# YOUR ASSIGNMENT:
Would you copy exactly the lines in the data below from the one that has "What is the Balance" through the one that has "Keep it short and to the point. No.", dropping any pictures?

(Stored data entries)
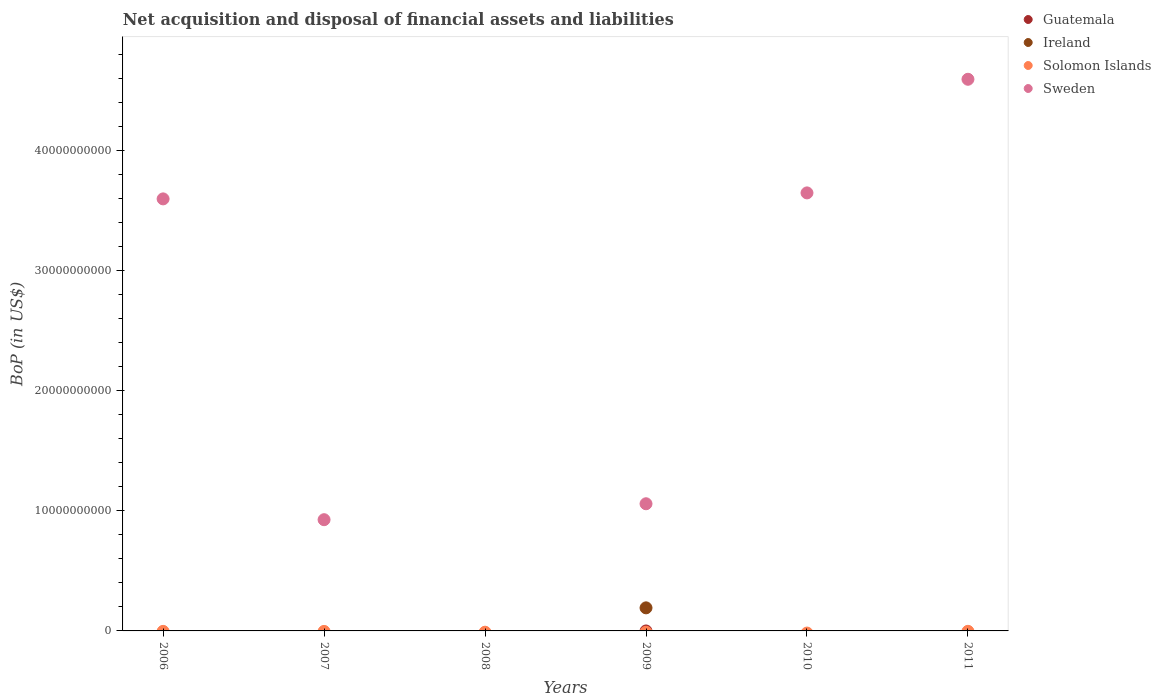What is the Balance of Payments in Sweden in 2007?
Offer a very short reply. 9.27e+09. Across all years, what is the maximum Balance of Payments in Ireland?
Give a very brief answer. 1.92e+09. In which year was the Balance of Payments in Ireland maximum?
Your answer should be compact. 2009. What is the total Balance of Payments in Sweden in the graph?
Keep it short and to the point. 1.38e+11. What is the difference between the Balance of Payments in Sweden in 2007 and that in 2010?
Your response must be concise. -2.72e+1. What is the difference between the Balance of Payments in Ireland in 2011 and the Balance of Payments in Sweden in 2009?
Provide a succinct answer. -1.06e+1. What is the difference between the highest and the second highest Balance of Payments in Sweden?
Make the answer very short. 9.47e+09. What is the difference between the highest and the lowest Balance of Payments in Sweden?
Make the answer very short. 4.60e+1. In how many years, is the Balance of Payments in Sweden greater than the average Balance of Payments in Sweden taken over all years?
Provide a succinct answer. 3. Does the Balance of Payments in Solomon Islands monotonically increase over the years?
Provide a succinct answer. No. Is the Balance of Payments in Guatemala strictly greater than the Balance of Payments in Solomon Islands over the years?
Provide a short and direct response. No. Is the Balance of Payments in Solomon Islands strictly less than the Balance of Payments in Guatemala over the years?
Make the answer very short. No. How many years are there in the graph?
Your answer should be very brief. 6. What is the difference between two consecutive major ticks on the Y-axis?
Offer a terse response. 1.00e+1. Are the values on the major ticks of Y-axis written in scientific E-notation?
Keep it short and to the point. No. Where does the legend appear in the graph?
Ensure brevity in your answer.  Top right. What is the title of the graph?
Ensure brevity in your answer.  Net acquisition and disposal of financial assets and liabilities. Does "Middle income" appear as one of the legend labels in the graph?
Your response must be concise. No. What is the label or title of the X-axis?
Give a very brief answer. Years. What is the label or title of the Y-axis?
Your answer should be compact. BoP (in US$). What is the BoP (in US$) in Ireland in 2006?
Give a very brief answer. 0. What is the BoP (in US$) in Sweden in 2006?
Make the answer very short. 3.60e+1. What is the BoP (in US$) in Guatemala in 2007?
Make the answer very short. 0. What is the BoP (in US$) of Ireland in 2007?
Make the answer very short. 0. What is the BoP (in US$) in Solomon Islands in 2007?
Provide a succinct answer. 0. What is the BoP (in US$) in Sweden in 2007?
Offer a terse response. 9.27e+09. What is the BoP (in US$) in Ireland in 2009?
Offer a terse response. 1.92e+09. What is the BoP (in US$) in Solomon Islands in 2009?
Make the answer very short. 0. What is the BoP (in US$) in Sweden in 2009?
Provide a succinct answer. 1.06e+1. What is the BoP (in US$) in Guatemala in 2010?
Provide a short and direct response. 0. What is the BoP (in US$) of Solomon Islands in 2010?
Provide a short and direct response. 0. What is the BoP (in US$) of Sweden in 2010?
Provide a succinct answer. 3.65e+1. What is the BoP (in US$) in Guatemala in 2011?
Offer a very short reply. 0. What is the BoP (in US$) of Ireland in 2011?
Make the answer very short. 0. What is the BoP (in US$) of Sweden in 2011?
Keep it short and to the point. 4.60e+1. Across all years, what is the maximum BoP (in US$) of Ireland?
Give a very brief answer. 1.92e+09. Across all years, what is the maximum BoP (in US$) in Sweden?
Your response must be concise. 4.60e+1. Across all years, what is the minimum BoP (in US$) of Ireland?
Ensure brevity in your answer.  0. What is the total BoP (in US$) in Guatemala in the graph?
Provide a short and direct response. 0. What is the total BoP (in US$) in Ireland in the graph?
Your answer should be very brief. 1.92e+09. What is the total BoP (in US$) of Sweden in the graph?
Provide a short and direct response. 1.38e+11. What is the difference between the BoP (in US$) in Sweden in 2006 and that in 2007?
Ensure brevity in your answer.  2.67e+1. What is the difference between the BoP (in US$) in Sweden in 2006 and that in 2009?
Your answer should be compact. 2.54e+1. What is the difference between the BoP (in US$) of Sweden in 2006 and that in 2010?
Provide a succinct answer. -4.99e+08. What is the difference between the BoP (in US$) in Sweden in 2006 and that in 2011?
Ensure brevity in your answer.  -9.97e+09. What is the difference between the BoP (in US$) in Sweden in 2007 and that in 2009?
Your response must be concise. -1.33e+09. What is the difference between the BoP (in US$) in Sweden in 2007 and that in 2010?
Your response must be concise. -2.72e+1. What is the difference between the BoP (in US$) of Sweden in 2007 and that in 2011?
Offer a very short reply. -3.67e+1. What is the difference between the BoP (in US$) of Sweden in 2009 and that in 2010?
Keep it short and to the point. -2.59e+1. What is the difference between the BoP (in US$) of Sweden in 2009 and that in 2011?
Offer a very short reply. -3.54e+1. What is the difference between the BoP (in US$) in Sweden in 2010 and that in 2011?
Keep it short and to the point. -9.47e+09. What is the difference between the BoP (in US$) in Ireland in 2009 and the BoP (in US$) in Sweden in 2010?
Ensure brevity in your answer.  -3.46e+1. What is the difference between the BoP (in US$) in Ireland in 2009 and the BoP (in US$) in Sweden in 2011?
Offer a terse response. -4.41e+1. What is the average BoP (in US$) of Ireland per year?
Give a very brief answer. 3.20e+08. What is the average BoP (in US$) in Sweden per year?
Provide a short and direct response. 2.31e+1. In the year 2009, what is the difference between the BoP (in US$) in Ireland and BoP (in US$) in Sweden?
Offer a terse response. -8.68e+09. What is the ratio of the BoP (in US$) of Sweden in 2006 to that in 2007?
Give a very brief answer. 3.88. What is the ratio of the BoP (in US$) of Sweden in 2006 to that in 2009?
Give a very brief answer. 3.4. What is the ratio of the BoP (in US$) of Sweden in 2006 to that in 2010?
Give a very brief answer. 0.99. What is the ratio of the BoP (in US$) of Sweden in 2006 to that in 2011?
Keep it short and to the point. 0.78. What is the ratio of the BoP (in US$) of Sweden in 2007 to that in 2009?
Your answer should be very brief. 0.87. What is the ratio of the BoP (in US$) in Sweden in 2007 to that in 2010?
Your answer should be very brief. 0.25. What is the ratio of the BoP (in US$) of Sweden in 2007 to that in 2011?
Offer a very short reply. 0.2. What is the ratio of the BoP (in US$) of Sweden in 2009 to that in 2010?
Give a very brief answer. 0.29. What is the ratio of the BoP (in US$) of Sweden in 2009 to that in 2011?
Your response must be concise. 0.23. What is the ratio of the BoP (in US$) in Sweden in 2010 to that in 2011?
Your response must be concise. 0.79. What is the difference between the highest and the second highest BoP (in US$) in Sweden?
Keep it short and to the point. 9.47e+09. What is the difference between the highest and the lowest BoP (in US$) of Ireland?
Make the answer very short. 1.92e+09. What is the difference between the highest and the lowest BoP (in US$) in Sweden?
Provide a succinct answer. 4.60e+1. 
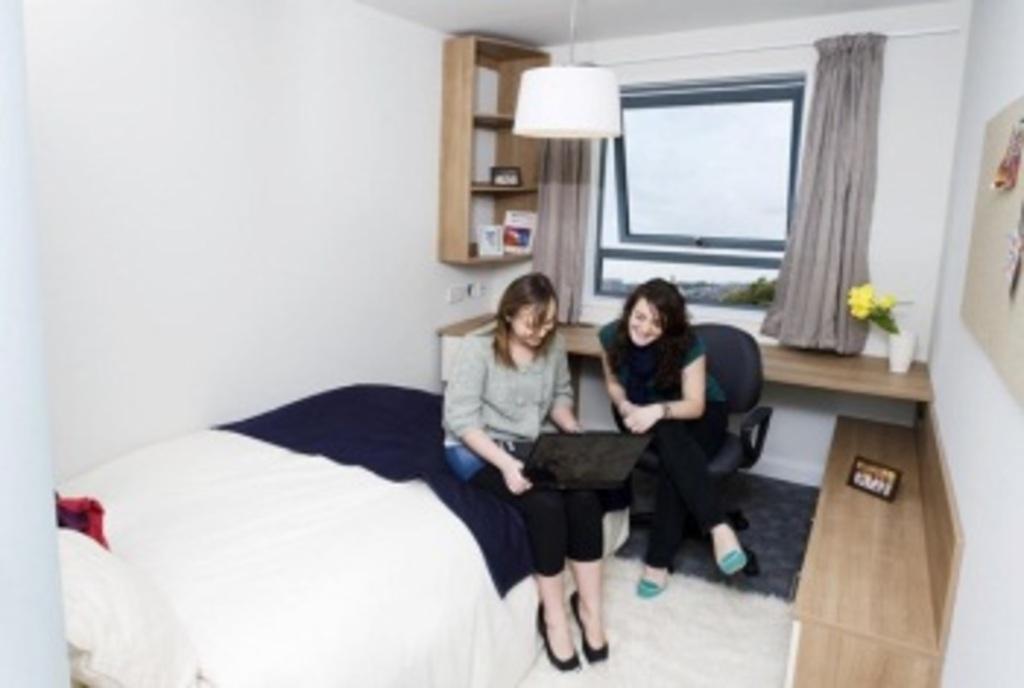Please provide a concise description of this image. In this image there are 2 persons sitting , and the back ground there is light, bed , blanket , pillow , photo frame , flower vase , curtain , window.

* * *

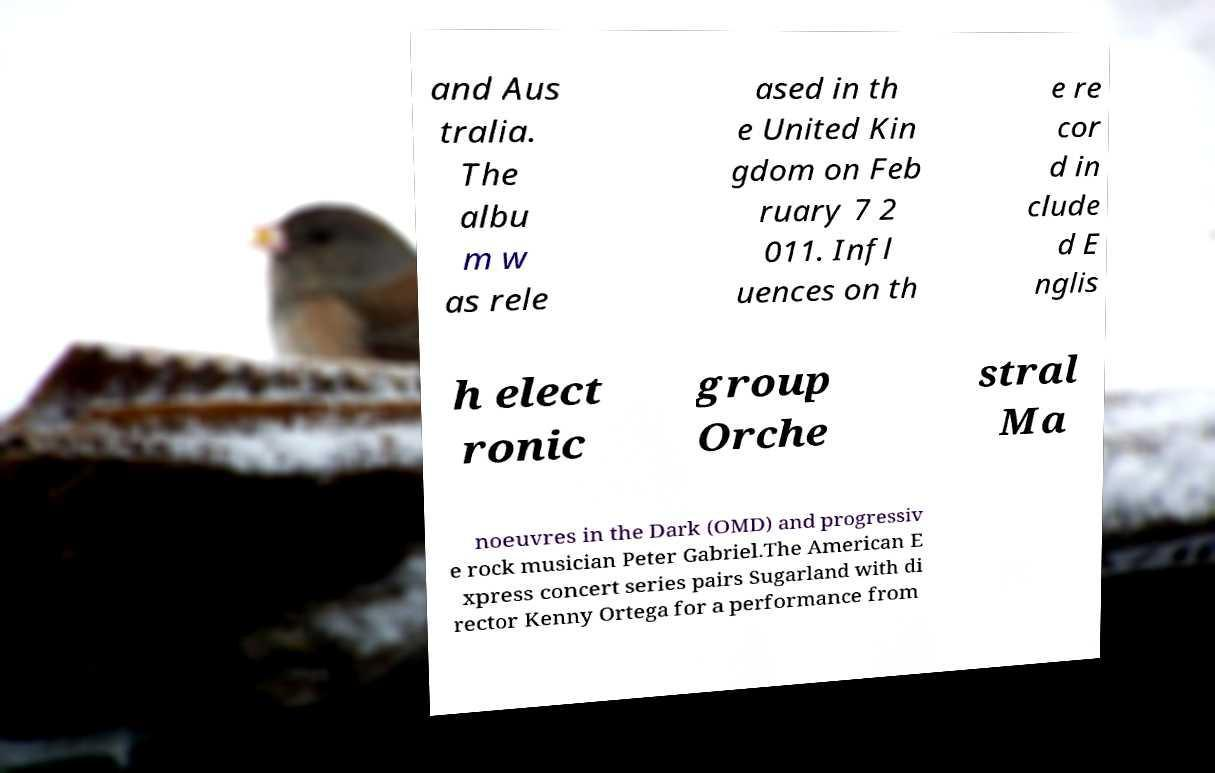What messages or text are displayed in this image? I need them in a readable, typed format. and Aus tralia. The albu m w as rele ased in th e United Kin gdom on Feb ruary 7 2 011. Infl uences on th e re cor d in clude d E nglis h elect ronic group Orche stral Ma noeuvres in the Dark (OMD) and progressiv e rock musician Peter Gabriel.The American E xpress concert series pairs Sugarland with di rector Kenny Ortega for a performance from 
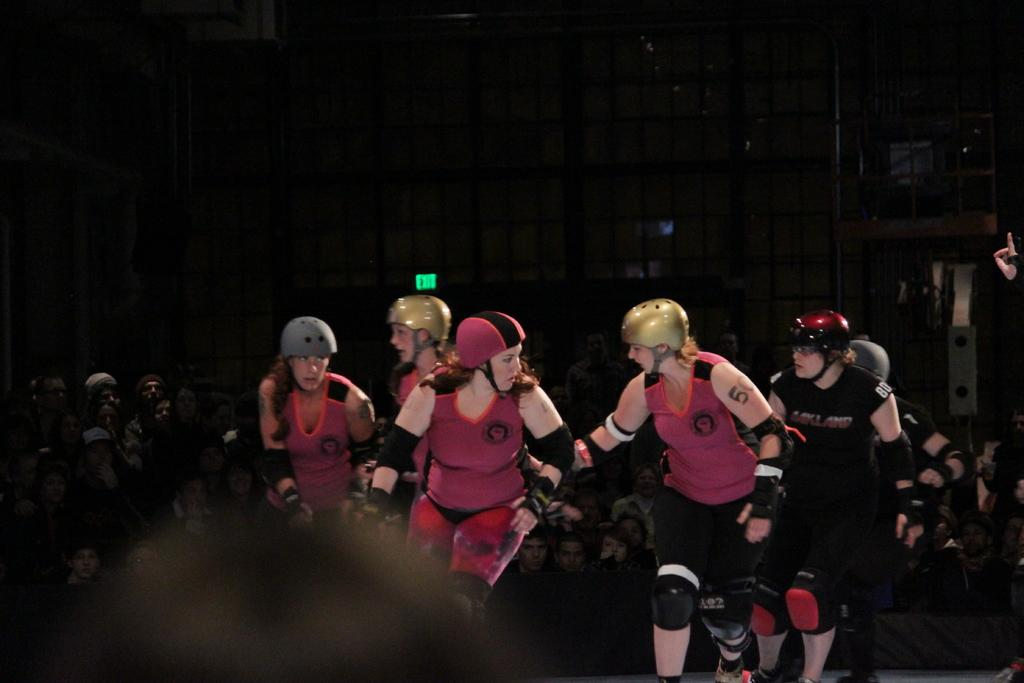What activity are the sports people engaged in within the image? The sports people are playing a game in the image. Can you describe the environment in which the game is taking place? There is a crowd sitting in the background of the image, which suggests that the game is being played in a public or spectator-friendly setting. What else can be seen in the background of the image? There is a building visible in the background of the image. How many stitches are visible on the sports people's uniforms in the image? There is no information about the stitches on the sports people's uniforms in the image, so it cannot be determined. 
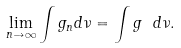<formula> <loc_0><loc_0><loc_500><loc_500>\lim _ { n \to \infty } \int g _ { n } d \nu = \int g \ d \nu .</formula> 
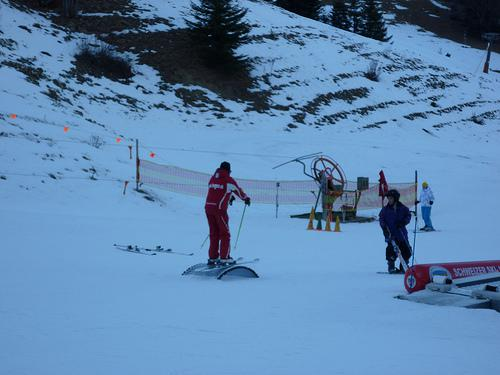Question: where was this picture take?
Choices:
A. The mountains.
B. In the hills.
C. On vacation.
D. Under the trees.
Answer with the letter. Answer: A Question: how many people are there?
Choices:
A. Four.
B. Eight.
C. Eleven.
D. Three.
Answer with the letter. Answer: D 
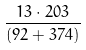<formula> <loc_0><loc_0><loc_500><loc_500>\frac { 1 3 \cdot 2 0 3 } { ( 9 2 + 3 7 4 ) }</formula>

# SOLUTION TO THE PROBLEM:
What is the Balance of Payments in Sweden in 2007?
Offer a very short reply. 9.27e+09. Across all years, what is the maximum Balance of Payments in Ireland?
Give a very brief answer. 1.92e+09. In which year was the Balance of Payments in Ireland maximum?
Your answer should be compact. 2009. What is the total Balance of Payments in Sweden in the graph?
Keep it short and to the point. 1.38e+11. What is the difference between the Balance of Payments in Sweden in 2007 and that in 2010?
Your response must be concise. -2.72e+1. What is the difference between the Balance of Payments in Ireland in 2011 and the Balance of Payments in Sweden in 2009?
Provide a succinct answer. -1.06e+1. What is the difference between the highest and the second highest Balance of Payments in Sweden?
Make the answer very short. 9.47e+09. What is the difference between the highest and the lowest Balance of Payments in Sweden?
Make the answer very short. 4.60e+1. In how many years, is the Balance of Payments in Sweden greater than the average Balance of Payments in Sweden taken over all years?
Provide a succinct answer. 3. Does the Balance of Payments in Solomon Islands monotonically increase over the years?
Provide a succinct answer. No. Is the Balance of Payments in Guatemala strictly greater than the Balance of Payments in Solomon Islands over the years?
Provide a short and direct response. No. Is the Balance of Payments in Solomon Islands strictly less than the Balance of Payments in Guatemala over the years?
Make the answer very short. No. How many years are there in the graph?
Your answer should be very brief. 6. What is the difference between two consecutive major ticks on the Y-axis?
Offer a terse response. 1.00e+1. Are the values on the major ticks of Y-axis written in scientific E-notation?
Keep it short and to the point. No. Where does the legend appear in the graph?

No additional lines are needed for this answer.